DataPall

DataPall, the brainchild of the interns two years ago (link to all their blogs), is an electronic medical records systems for the Palliative Care unit here at St. Gabe’s. The previous interns here noticed that the small staff in the unit would have to spend weeks manually adding up figures to give quarterly reports to the Ministry of Health, so they designed DataPall so that reports could be generated with the push of a button.

While DataPall has been a huge help to Palliative Care— the team here now only spends a day or two on the reports—there have still been several issues preventing a large-scale rollout. One of the most significant of these issues is accidental duplication of records. As the literacy rate in Malawi is quite low, it isn’t uncommon that patients don’t know how to spell their names, so the nurses and doctors will sometimes write down alternate spellings from appointment to appointment. Additionally, sometimes patients will change last names or accidentally switch their first and last name. Therefore, if you type the misspelled name into the current DataPall search bar, no match will show up and a new patient will be created (even though the patient record already exists under a different spelling).

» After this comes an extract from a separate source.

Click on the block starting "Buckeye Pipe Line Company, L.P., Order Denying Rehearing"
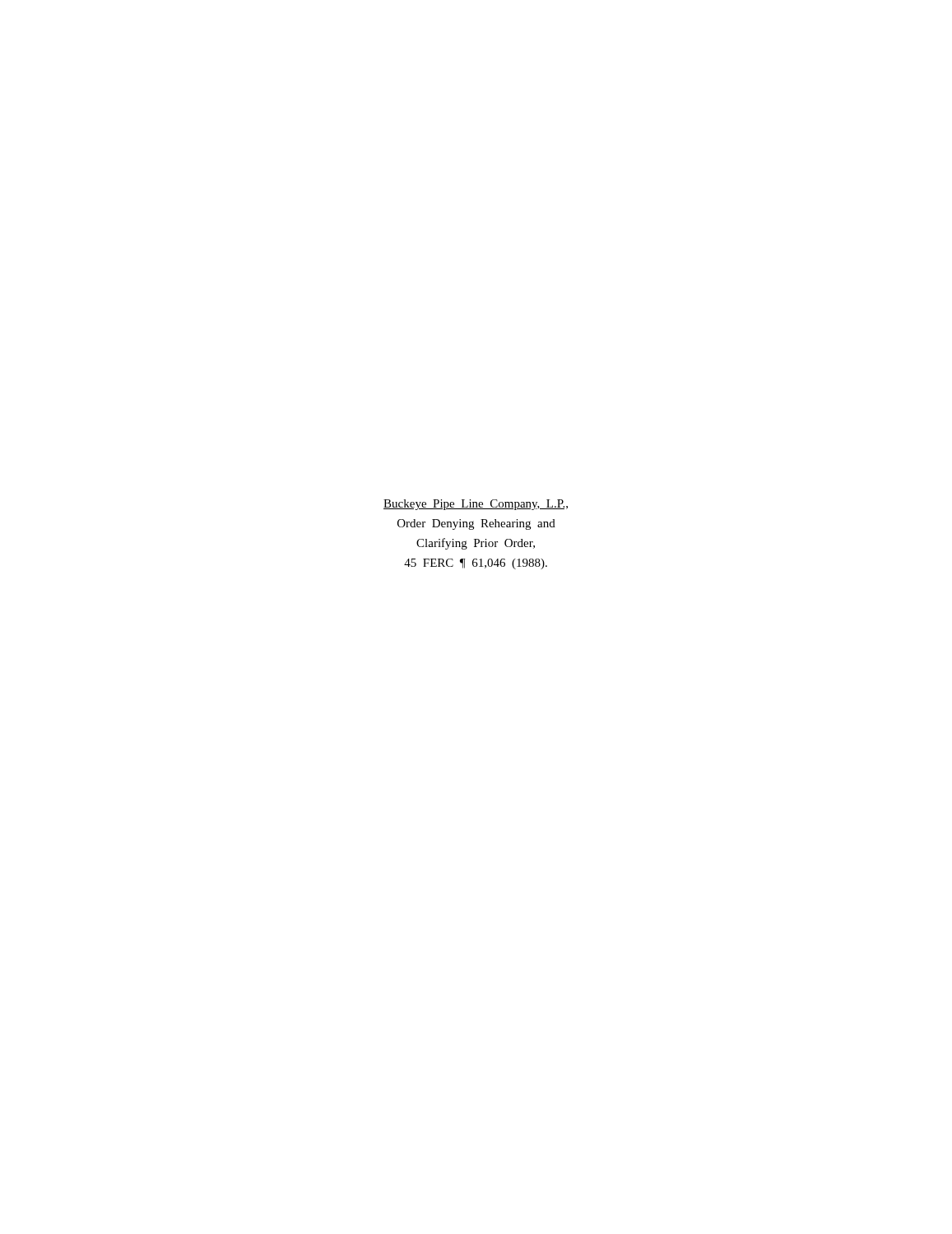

This accidental duplication of records has lead to the gradual artificial inflation of patients, skewing the data that the unit is supposed to be reporting. This issue became so problematic that one of the doctors once said, “DataPall is telling me that there were 20 new patients last week, but I only saw about 15 different patients!”. To overcome this problem, they oftentimes have to go back into the paper records to make sure that the reports are giving the right numbers. While staff still doesn’t have to spend weeks generating the reports, they still have to spend a couple days to fix the errors.

Using a broad set of matching criteria, we generated a set potential duplicates, of which 121 patient records (!) were actually duplicated. After merging the duplicates, we were then able to feed this data back into the computer (using a machine learning algorithm) in order to generate an algorithm that can better predict whether two records could be a duplicate, based on common misspellings, similar village, etc. We’re really happy that the duplicate searching algorithm actually works quite well (98% sensitivity and specificity), so we’re in the process of implementing it into the workflow of DataPall as well as incorporating it into our new project, Morphine Tracker (read about it on Truce’s blog!).